On Fri, Feb 9, 2018 at 11:36 PM, Paul Eggert <eggert at cs.ucla.edu> wrote:
> On 02/06/2018 08:13 AM, Stephen Colebourne wrote:
>> it was never appropriate to merge the time-zones of
>> multiple different countries (backzone being the result).
>> - the change caused LMT values to be lost
> Those LMT values were not significant and their loss was no real loss. The
> only significant effect that I recall was on test suites, and test suites
> should not be forcing tzdb to continue to promote invented data.
> - downstream consumers had to change logic wrt the meaning of backzone
> Downstream consumers don't have worry about backzone. Mostly, they should
> just not use backzone, as it is outside the scope of tzdb proper and
> contains data that is not installed by default.
> - it was culturally insensitive to not provide a primary Zone entry
>> for some countries
> tzdb focuses on timekeeping practices. We should spend as few of our
> limited resources as possible to worry about political or cultural
> sensitivities that have nothing to do with timekeeping proper. Although we
> cannot exclude politics entirely, we should strive to not complicate the
> database merely to make political partisans happy, a task that would be
> 2) Removal of textual short zone names.
>> While these names may well have been invented in some cases, the had
>> often become de facto standards
> The few invented abbreviations that became common parlance were kept. The
> remaining abbreviations lacked sufficient practical justification for a
> database where the goal is to describe timekeeping practice, not prescribe
> - downstream consumers had to change logic to handle numeric-style
> Applications like OpenJDK+CLDR that want abbreviations and full names for
> every time zone needed to maintain their own databases of inventions
> anyway. For tzdb-style abbreviations, numeric identifiers are more accurate
> and less error-prone than invented ones, and have been part of the POSIX
> standard since 2001.
> The main archive format was changed from the well-known and widely
>> supported gz to the niche lz format.
> This has not affected downstream consumers, which can continue to use gzip
> format as before. Support for lzip is easily and freely available on modern
> platforms, including MS-Windows. Microsoft itself didn't support gzip back
> in the day, but that didn't mean we shouldn't have used gzip back then.

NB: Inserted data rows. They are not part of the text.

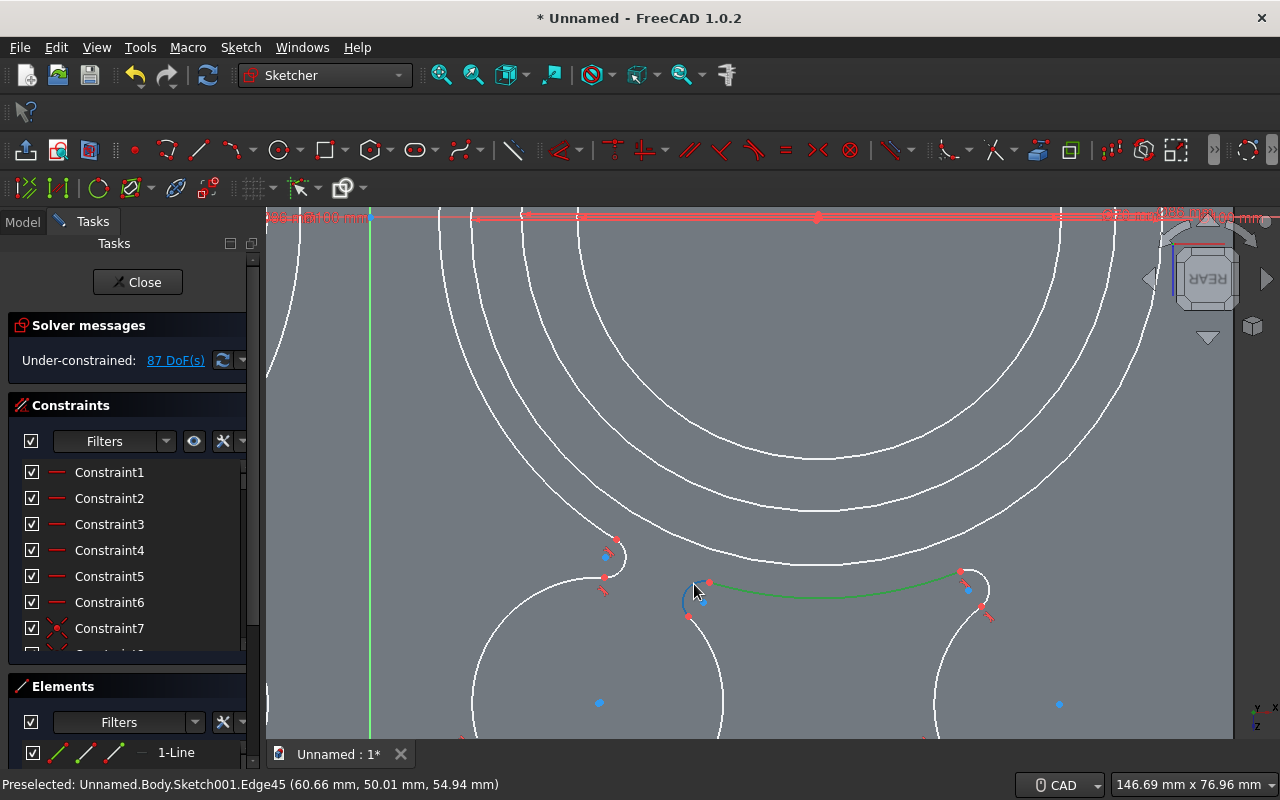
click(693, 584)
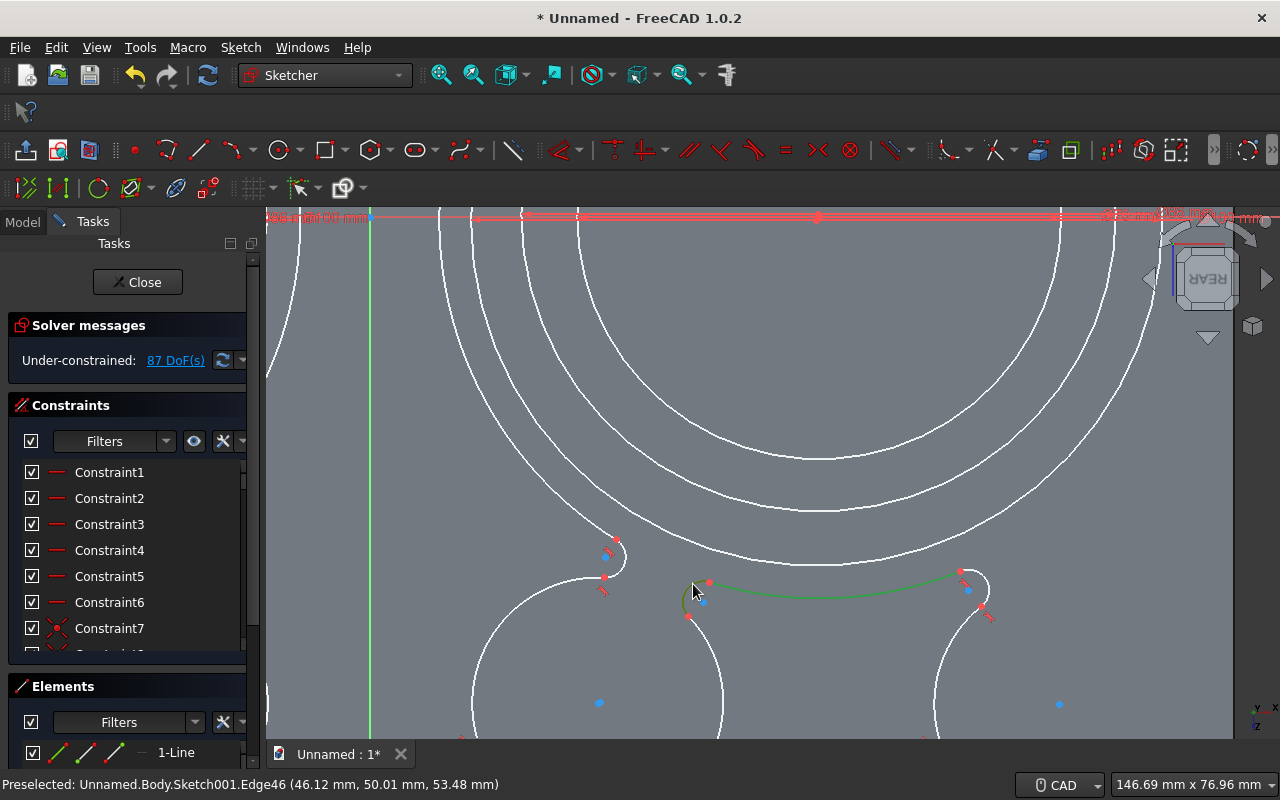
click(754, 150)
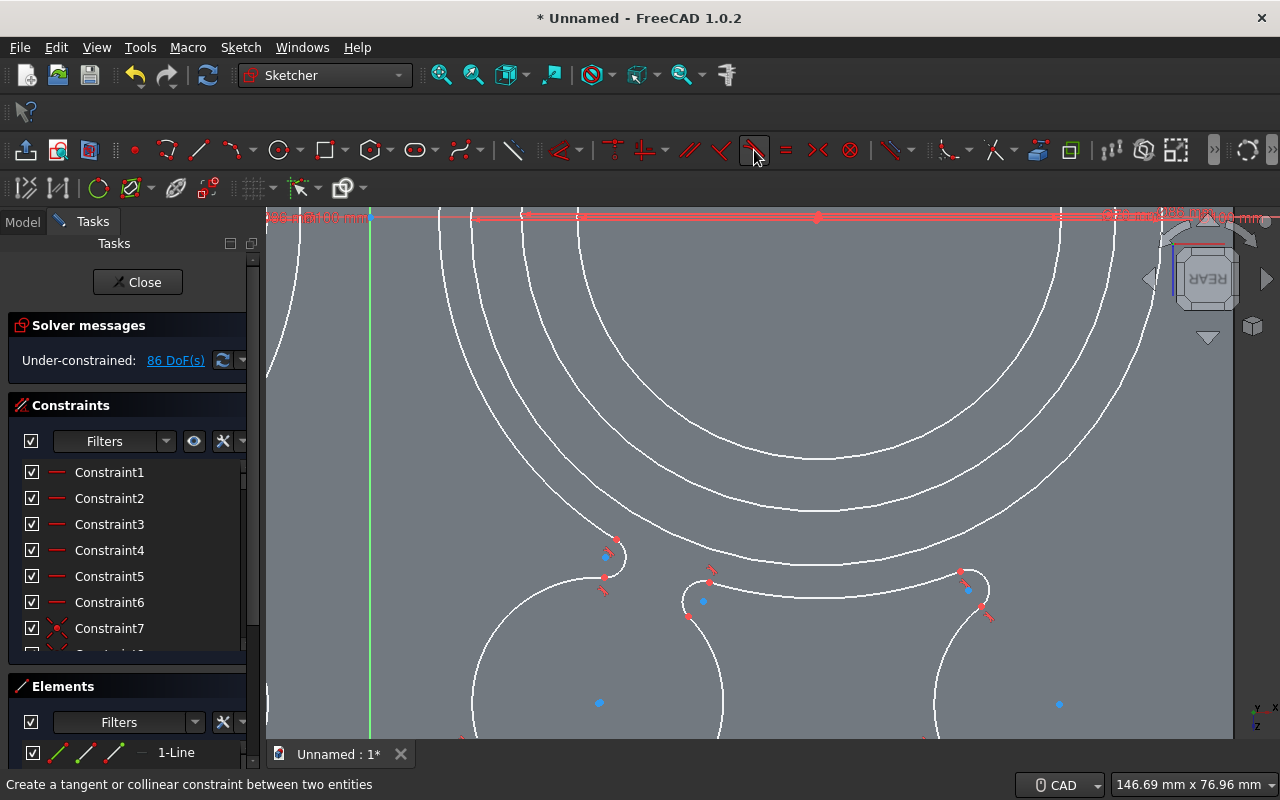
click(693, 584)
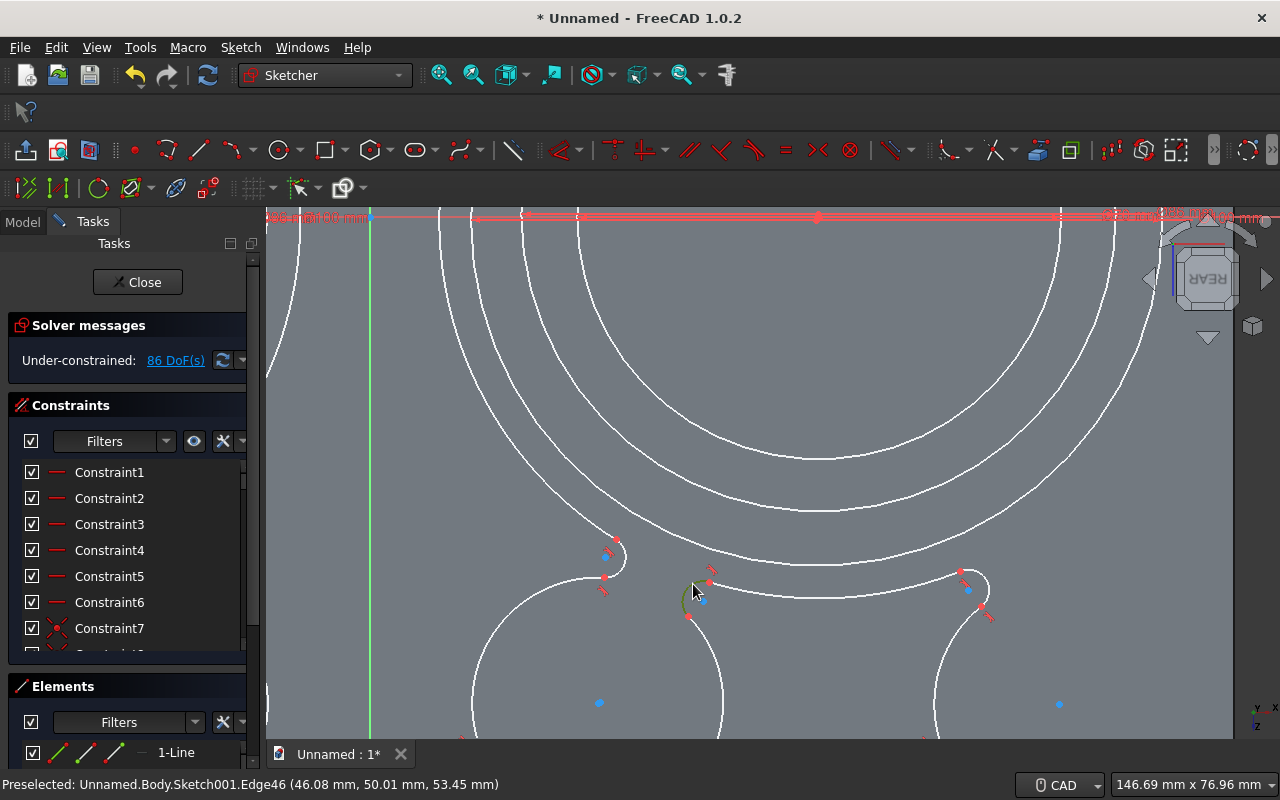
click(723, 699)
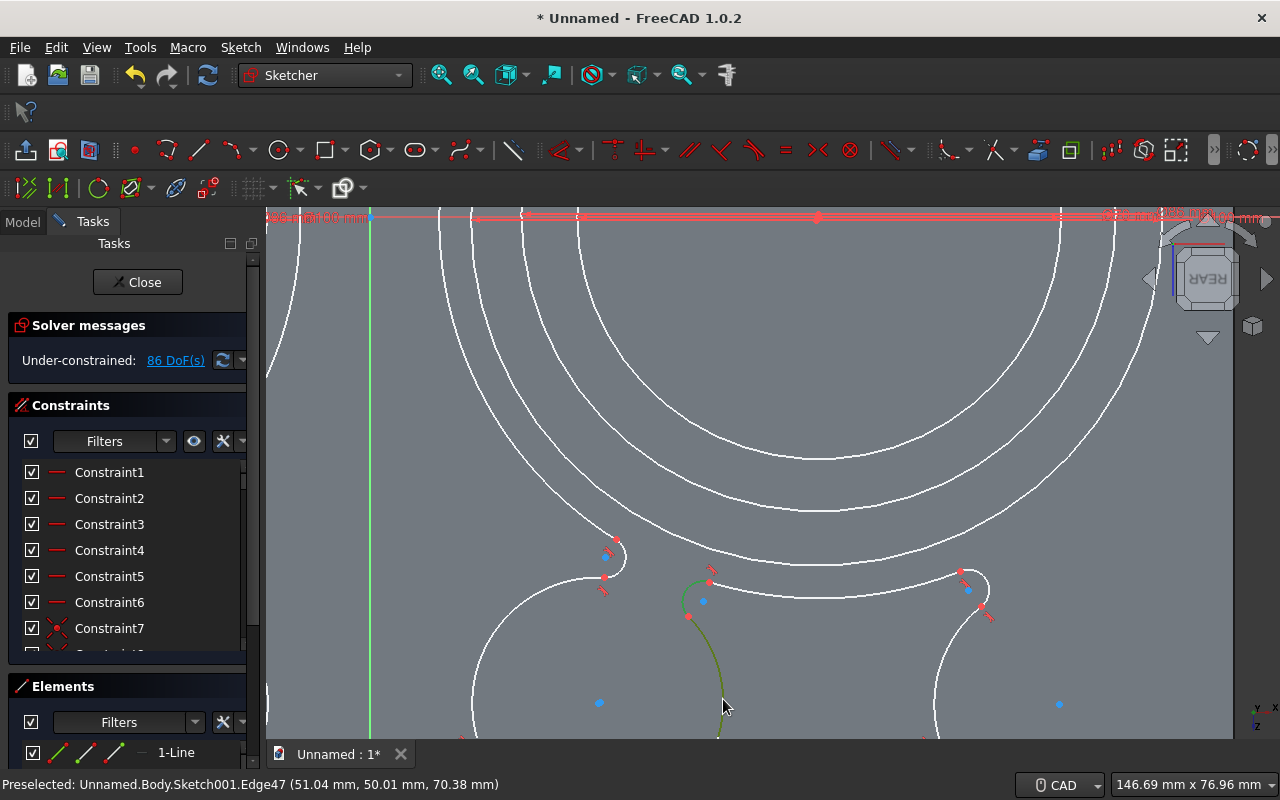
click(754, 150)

> 4) Negative SAVE values ...
>> - downstream consumers broke
> The main downstream consumer that broke was OpenJDK+CLDR. The problem was
> soon rectified, and because OpenJDK+CLDR is an important enough consumer we
> now have a way in the development version to generate a form of the tzdata
> source that does not use negative DST offsets. That being said, the
> OpenJDK+CLDR model is incorrect for Irish timekeeping and it really should
> get fixed at some point. Fractional seconds are a similar sort of thing,
> though here CLDR has made it clear that they don't care about timestamps
> before 1990, so this issue should not affect CLDR (unless North Korea
> starts using a fractional-second UTC offset :-) and only a trivial change
> to OpenJDK should be needed.
> Not one of these changes has added value to the project.
> Even if there was no value to you, there is some value to record civil
> timekeeping more accurately. Different consumers have different needs in
> this area.
> More importantly, there needs to be a better way for tzdb+OpenJDK+CLDR to
> accommodate future changes, as there inevitably will be. Of course we
> should not change things just for the purpose of changing. Conversely, it
> would not be healthy to have a software system that can never be changed
> and can never be improved. We should have a reasonable upgrade strategy, as
> changes will be inevitable.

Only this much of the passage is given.